I'm really not a connoisseur of PJ. I bought probably my first batch of it in easily 15 years tonight and that's because I wanted squeeze tube for filling some syringes for my VM maintenance class next week. The 15 yr old tub isn't empty. Yeah, I'm lazy and I paid the surcharge for the laziness. ;) I think it might be worth trying to test to see how they melt comparatively and use the one that melts the most to your satisfaction.

ArchaicArcane 02-03-2016 12:00 AM


Originally Posted by Margie07 (Post 7454398)
I also ordered new Singer All Purpose Machine Oil for oiling the parts on my machine. In your experience is this okay, or should I get oil that says "sewing machine oil" vs just "all purpose machine oil?"
This is the one I ordered
http://www.amazon.com/gp/product/B00...=ATVPDKIKX0DER

Thank you guys so much! It's relieving to have people who have had the experience with old sewing machines help me wade through this stuff. :)

That oil is probably fine. You're not looking to rehabilitate a stuck machine so Tri-flow isn't strictly necessary at this point. Tri-flow is my preferred oil but sewing machine oil is fine. The only thing you may not like about that bottle is that it might not be one of the ones with a straw so it may be messier.

If that's the case, get an oral syringe from your pharmacy (that's the one with the curved tip and no luer-lok for a needle on it) and put the oil in there to dispense it - Like the syringe Rain shows on his page about refilling the grease tubes.

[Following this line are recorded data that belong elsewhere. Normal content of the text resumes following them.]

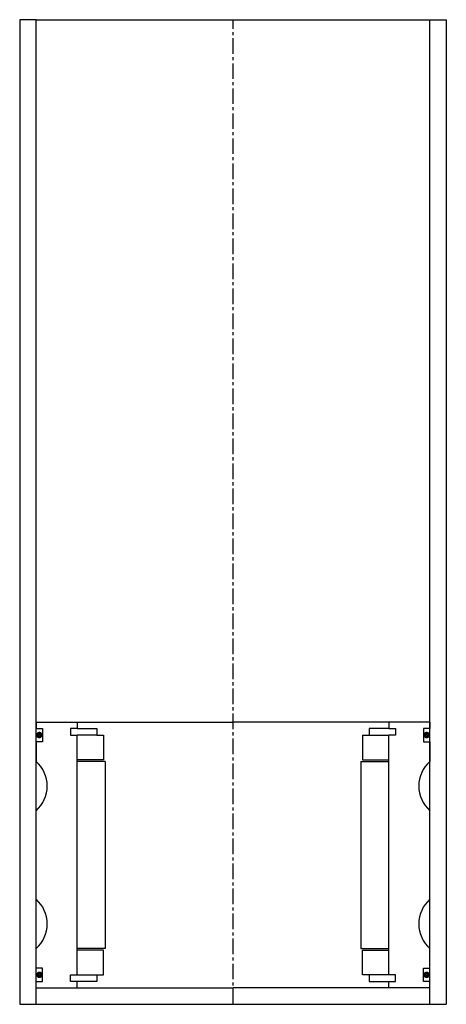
# Model space of a CAD drawing. Extents: x -65 to 65, y -10 to 290.
import ezdxf

# ---------------------------------------------------------------- set-up
doc = ezdxf.new("R2010")
doc.units = 0
doc.header["$LTSCALE"] = 0.15
doc.linetypes.add('CENTER', pattern=[50.8, 31.75, -6.35, 6.35, -6.35])
doc.layers.get('0').update_dxf_attribs({"linetype": 'CONTINUOUS'})
doc.layers.add('CENTER', color=9, linetype='CENTER')

msp = doc.modelspace()

# ---------------------------------------------------------------- linework, layer by layer
for p, q in [((-60, 290), (-65, 290)), ((-65, 290), (-65, -10)), ((-60, -10), (-60, 290)), ((-60, 290), (65, 290)), ((60, -10), (60, 290)), ((60, 290), (65, 290)), ((65, 290), (65, -10)), ((-60, 76), (-47.5, 76)), ((-60, 76), (-60, 74)), ((-47.5, 76), (0, 76)), ((-47.5, 76), (-47.5, 74)), ((47.5, 76), (0, 76)), ((47.5, 76), (47.5, 74)), ((60, 76), (47.5, 76)), ((60, 76), (60, 74)), ((-60, 74), (-58, 74)), ((-58, 74), (-58, 70)), ((-47.5, 74), (-49.5, 74)), ((-49.5, 74), (-49.5, 72)), ((-49.5, 72), (-47.5, 72)), ((-47.5, 74), (-41.5, 74)), ((-47.5, -1), (-47.5, 72)), ((-41.5, 72), (-47.5, 72)), ((-41.5, 74), (-41.5, 72)), ((-41.5, 72), (-39.5, 72)), ((-39.5, 72), (-39.5, 64.5)), ((39.5, 72), (47.5, 72)), ((39.5, 72), (39.5, 72)), ((39.5, 72), (39.5, 64.5)), ((47.5, 74), (41.5, 74)), ((41.5, 74), (41.5, 72)), ((47.5, 74), (49.5, 74)), ((49.5, 72), (47.5, 72)), ((47.5, -1), (47.5, 72)), ((49.5, 74), (49.5, 72)), ((60, 74), (58, 74)), ((58, 74), (58, 70)), ((-58, 70), (-60, 70)), ((-60, 70), (-60, 64)), ((58, 70), (60, 70)), ((60, 70), (60, 64)), ((-39.5, 64.5), (-47.5, 64.5)), ((-39, 64), (-47.5, 64)), ((-39, 64), (-39, 7)), ((39, 64), (39, 7)), ((39, 64), (47.5, 64)), ((39.5, 64.5), (47.5, 64.5)), ((-60, 22), (-60, 49)), ((60, 22), (60, 49)), ((-60, 1), (-60, 7)), ((-39, 7), (-47.5, 7)), ((-39.5, 6.5), (-47.5, 6.5)), ((-39.5, -1), (-39.5, 6.5)), ((39, 7), (47.5, 7)), ((39.5, -1), (39.5, 6.5)), ((39.5, 6.5), (47.5, 6.5)), ((60, 1), (60, 7)), ((-58, 1), (-60, 1)), ((-58, -3), (-58, 1)), ((58, -3), (58, 1)), ((58, 1), (60, 1)), ((-60, -3), (-58, -3)), ((-49.5, -3), (-49.5, -1)), ((-49.5, -1), (-47.5, -1)), ((-47.5, -3), (-49.5, -3)), ((-47.5, -1), (-41.5, -1)), ((-47.5, -5), (-47.5, -3)), ((-41.5, -3), (-47.5, -3)), ((-41.5, -1), (-41.5, -3)), ((-41.5, -1), (-39.5, -1)), ((47.5, -1), (39.5, -1)), ((39.5, -1), (39.5, -1)), ((41.5, -1), (41.5, -3)), ((41.5, -3), (47.5, -3)), ((49.5, -1), (47.5, -1)), ((47.5, -5), (47.5, -3)), ((47.5, -3), (49.5, -3)), ((49.5, -3), (49.5, -1)), ((60, -3), (58, -3)), ((-60, -5), (-47.5, -5)), ((-47.5, -5), (0, -5)), ((47.5, -5), (0, -5)), ((60, -5), (47.5, -5)), ((-60, -10), (-60, -8)), ((60, -10), (60, -8)), ((-65, -10), (65, -10))]:
    msp.add_line(p, q)
at = {"const_width": 0.95}
for points in [[(-58.51, 72.04, -1), (-59.56, 72.04, -1)], [(58.51, 72.04, 1), (59.56, 72.04, 1)], [(-58.45, -1.02, -1), (-59.5, -1.02, -1)], [(58.45, -1.02, 1), (59.5, -1.02, 1)]]:
    msp.add_lwpolyline(points, format="xyb", close=True, dxfattribs=at)
for centre, start, end in [((-66.61, 56.5), 311.4096, 48.5904), ((66.61, 56.5), 131.4096, 228.5904), ((-66.61, 14.5), 311.4096, 48.5904), ((66.61, 14.5), 131.4096, 228.5904)]:
    msp.add_arc(centre, 10, start, end)
at = {"layer": 'CENTER'}
for q in [(0, 290), (0, 71), (0, 71), (0, 71), (0, 58)]:
    msp.add_line((0, -10), q, dxfattribs=at)

doc.saveas('drawing.dxf')
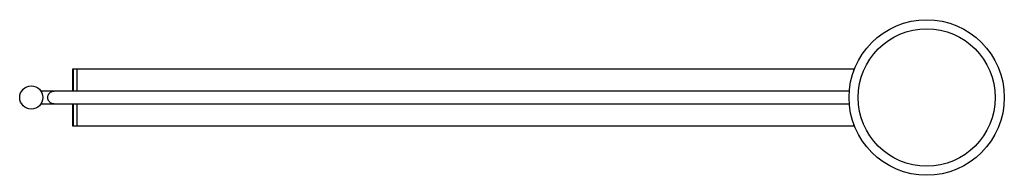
# Model space of a CAD drawing. Header units: inches. Extents: x -19.2 to 23.2, y -3.3 to 3.3.
import ezdxf

# ---------------------------------------------------------------- set-up
doc = ezdxf.new("R2010")
doc.units = ezdxf.units.IN
doc.header["$MEASUREMENT"] = 0

msp = doc.modelspace()

# ---------------------------------------------------------------- linework, layer by layer
at = {"color": 7, "linetype": 'Continuous', "lineweight": 25}
for p, q in [((-16.732, 1.22), (-16.929, 1.22)), ((-16.929, 1.22), (-16.929, 0.276)), ((-16.89, 1.216), (-16.89, 0.276)), ((-16.732, 1.22), (-16.732, 0.276)), ((16.732, 1.216), (-16.732, 1.216)), ((16.767, 1.22), (16.732, 1.22)), ((16.732, 1.22), (16.732, 1.127)), ((16.548, 0.276), (-18.284, 0.276)), ((-18.284, -0.276), (16.548, -0.276)), ((-16.929, -0.276), (-16.929, -1.22)), ((-16.89, -0.276), (-16.89, -1.216)), ((-16.732, -0.276), (-16.732, -1.22)), ((-16.929, -1.22), (-16.732, -1.22)), ((-16.732, -1.216), (16.732, -1.216)), ((16.732, -1.127), (16.732, -1.22)), ((16.732, -1.22), (16.767, -1.22))]:
    msp.add_line(p, q, dxfattribs=at)
for centre, radius in [((19.882, 0), 3.345), ((19.882, 0), 2.955), ((-18.701, 0), 0.5)]:
    msp.add_circle(centre, radius, dxfattribs=at)
msp.add_open_spline([(-17.717, -0.276), (-17.72, -0.276), (-17.724, -0.276), (-17.732, -0.275), (-17.736, -0.275), (-17.747, -0.274), (-17.755, -0.273), (-17.778, -0.269), (-17.793, -0.265), (-17.815, -0.257), (-17.823, -0.254), (-17.837, -0.248), (-17.845, -0.244), (-17.866, -0.232), (-17.88, -0.222), (-17.9, -0.205), (-17.906, -0.199), (-17.919, -0.186), (-17.925, -0.179), (-17.942, -0.158), (-17.952, -0.142), (-17.966, -0.114), (-17.97, -0.105), (-17.977, -0.086), (-17.98, -0.076), (-17.985, -0.055), (-17.987, -0.044), (-17.989, -0.022), (-17.99, -0.012), (-17.99, 0.01), (-17.989, 0.021), (-17.987, 0.043), (-17.985, 0.054), (-17.98, 0.074), (-17.977, 0.085), (-17.97, 0.104), (-17.966, 0.114), (-17.957, 0.132), (-17.952, 0.14), (-17.942, 0.157), (-17.937, 0.164), (-17.919, 0.186), (-17.907, 0.199), (-17.88, 0.222), (-17.867, 0.231), (-17.838, 0.248), (-17.823, 0.254), (-17.794, 0.265), (-17.778, 0.269), (-17.755, 0.273), (-17.748, 0.274), (-17.736, 0.275), (-17.732, 0.275), (-17.724, 0.276), (-17.72, 0.276), (-17.717, 0.276)], degree=3, knots=[0, 0, 0, 0, 0.015625, 0.015625, 0.03125, 0.03125, 0.0625, 0.0625, 0.125, 0.125, 0.15625, 0.15625, 0.1875, 0.1875, 0.25, 0.25, 0.28125, 0.28125, 0.3125, 0.3125, 0.375, 0.375, 0.40625, 0.40625, 0.4375, 0.4375, 0.46875, 0.46875, 0.5, 0.5, 0.53125, 0.53125, 0.5625, 0.5625, 0.59375, 0.59375, 0.625, 0.625, 0.65625, 0.65625, 0.6875, 0.6875, 0.75, 0.75, 0.8125, 0.8125, 0.875, 0.875, 0.9375, 0.9375, 0.96875, 0.96875, 0.984375, 0.984375, 1, 1, 1, 1], dxfattribs=at)

doc.saveas('drawing.dxf')
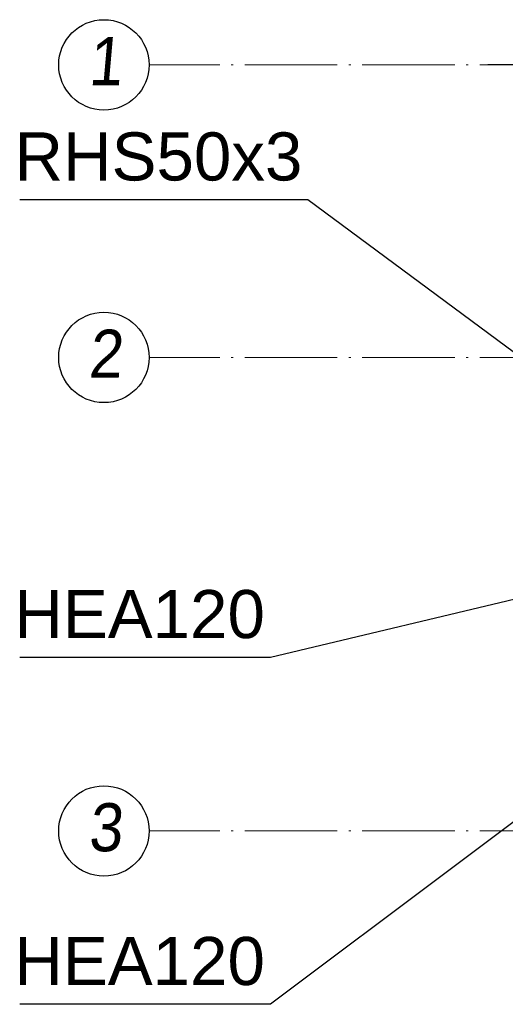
# Paper-space layout 'A0 Advance Steel' of a CAD drawing. Header units: millimetres. Extents: x 228 to 822, y 214 to 634.
# Tile 70 of 76: x 553 to 578, y 533 to 584. Entities that reach past the tile are written whole.
import ezdxf

# ---------------------------------------------------------------- set-up
doc = ezdxf.new("R2010")
doc.units = ezdxf.units.MM
doc.linetypes.add('ACAD_ISO04W100', pattern=[30, 24, -3, 0, -3])
doc.layers.get('0').update_dxf_attribs({"linetype": 'CONTINUOUS'})
doc.layers.add('AS_Belki', color=145, linetype='CONTINUOUS')
doc.styles.add('Arial', font='arial.ttf')
doc.styles.add('ARIAL_1', font='arial.ttf', dxfattribs={"width": 0.9, "oblique": 5})

# ---------------------------------------------------------------- blocks, each defined once
blk = doc.blocks.new('324ewdsczxzxcz')
at = {"linetype": 'ACAD_ISO04W100', "lineweight": 5, "ltscale": 0.2}
for p, q in [((378.311, 321.018, -2695.986), (283.147, 321.018, -2695.986)), ((378.311, 305.818, -2695.986), (283.147, 305.818, -2695.986)), ((378.311, 281.218, -8093.957), (283.147, 281.218, -8093.957))]:
    blk.add_line(p, q, dxfattribs=at)
for centre in [(280.8, 321.018, -2695.986), (280.8, 305.818, -2695.986), (280.8, 281.218, -8093.957)]:
    blk.add_circle(centre, 2.347)
at = {"char_height": 2.5, "attachment_point": 1, "style": 'ARIAL_1'}
for s, insert in [('1', (279.981, 322.461, -2695.986)), ('2', (279.981, 307.261, -2695.986)), ('3', (279.981, 282.661, -8093.957))]:
    blk.add_mtext_dynamic_manual_height_columns(s, width=4.31573, gutter_width=12.5, heights=[0], dxfattribs=dict(at, insert=insert))

psp = doc.layouts.new('A0 Advance Steel')

# ---------------------------------------------------------------- linework, layer by layer
at = {"color": 7}
for points in [[(587.106, 560.602), (567.909, 574.829), (552.961, 574.829)], [(594.36, 554.336), (565.97, 533.03), (552.961, 533.03)], [(579.76, 554.336), (565.97, 551.053), (552.961, 551.053)]]:
    psp.add_lwpolyline(points, dxfattribs=at)
at = {"layer": 'AS_Belki', "color": 10, "linetype": 'ACAD_ISO04W100', "ltscale": 0.15}
psp.add_lwpolyline([(637.26, 581.836), (634.76, 581.836), (579.76, 581.836), (577.26, 581.836)], dxfattribs=at)
psp.add_lwpolyline([(637.26, 581.836), (634.76, 581.836), (579.76, 581.836), (577.26, 581.836)], dxfattribs=at)

# ---------------------------------------------------------------- block references
psp.add_blockref('324ewdsczxzxcz', (276.531, 260.818, 8430.47))

# ---------------------------------------------------------------- texts
at = {"color": 7, "style": 'Arial'}
for s, p in [('RHS50x3', (552.687, 575.829)), ('HEA120', (552.682, 552.053)), ('HEA120', (552.682, 534.03))]:
    psp.add_text(s, height=2.5, dxfattribs=at).set_placement(p)

doc.saveas('drawing.dxf')

All I use these days are syringes for oiling and greasing machines - way more accurate except when I'm initially filing them. At that point, I should be behind a blast shield.

Margie07 02-03-2016 12:04 AM

Ok, I'll just stick with the all purpose machine oil I ordered. Thanks so much!

J Miller 02-03-2016 06:14 AM


Originally Posted by Margie07 (Post 7454365)
Here is the video that is a test of the lub. https://vimeo.com/channels/april1930s/143510151
I really would like to lub the motor of my old Singer as I haven't done it yet.

I wonder if April 1930s lube is made by the same company as Nova Montgomery's?
{ http://www.novamontgomery.com/shop/S...t-x4312153.htm }

I've got a 15-91 that's in need of a major servicing and I need motor lube. I wonder who's I should try?